• What to produce: Take each line of the data that contains the string "this" and copy it.

== Segment start ==

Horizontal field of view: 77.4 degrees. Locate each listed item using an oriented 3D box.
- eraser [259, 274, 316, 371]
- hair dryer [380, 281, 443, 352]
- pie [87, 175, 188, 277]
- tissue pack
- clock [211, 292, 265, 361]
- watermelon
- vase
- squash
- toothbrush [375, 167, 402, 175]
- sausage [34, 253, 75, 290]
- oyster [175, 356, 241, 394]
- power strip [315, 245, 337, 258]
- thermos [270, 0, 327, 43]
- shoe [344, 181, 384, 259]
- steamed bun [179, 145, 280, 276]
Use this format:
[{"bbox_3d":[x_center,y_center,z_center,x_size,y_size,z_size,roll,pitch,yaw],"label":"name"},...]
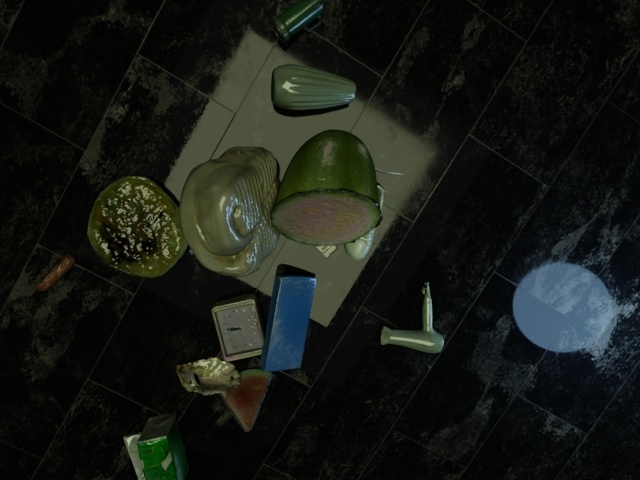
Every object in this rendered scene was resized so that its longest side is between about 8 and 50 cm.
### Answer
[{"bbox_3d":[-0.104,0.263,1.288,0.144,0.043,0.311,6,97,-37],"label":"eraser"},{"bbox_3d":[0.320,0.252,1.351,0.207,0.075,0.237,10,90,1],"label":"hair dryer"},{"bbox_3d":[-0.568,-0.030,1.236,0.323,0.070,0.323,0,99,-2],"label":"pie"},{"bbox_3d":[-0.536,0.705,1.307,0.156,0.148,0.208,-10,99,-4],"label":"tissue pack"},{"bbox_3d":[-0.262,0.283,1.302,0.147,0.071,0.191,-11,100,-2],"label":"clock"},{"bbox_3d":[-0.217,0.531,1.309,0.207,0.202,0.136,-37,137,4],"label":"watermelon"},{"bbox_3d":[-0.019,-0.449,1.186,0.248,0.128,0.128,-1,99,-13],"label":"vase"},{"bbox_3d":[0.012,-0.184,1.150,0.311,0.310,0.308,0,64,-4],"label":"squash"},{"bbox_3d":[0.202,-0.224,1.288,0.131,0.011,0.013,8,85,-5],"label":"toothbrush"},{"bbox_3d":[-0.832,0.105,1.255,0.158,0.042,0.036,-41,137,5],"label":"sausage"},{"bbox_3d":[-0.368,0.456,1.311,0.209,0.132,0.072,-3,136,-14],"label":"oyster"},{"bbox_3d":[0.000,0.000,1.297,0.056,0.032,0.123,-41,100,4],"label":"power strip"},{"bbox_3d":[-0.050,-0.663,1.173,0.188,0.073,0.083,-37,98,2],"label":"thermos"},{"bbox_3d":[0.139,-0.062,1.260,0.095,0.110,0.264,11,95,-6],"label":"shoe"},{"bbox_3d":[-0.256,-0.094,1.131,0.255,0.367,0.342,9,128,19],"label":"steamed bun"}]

== Segment end ==

• Output of the task:
Use this format:
Every object in this rendered scene was resized so that its longest side is between about 8 and 50 cm.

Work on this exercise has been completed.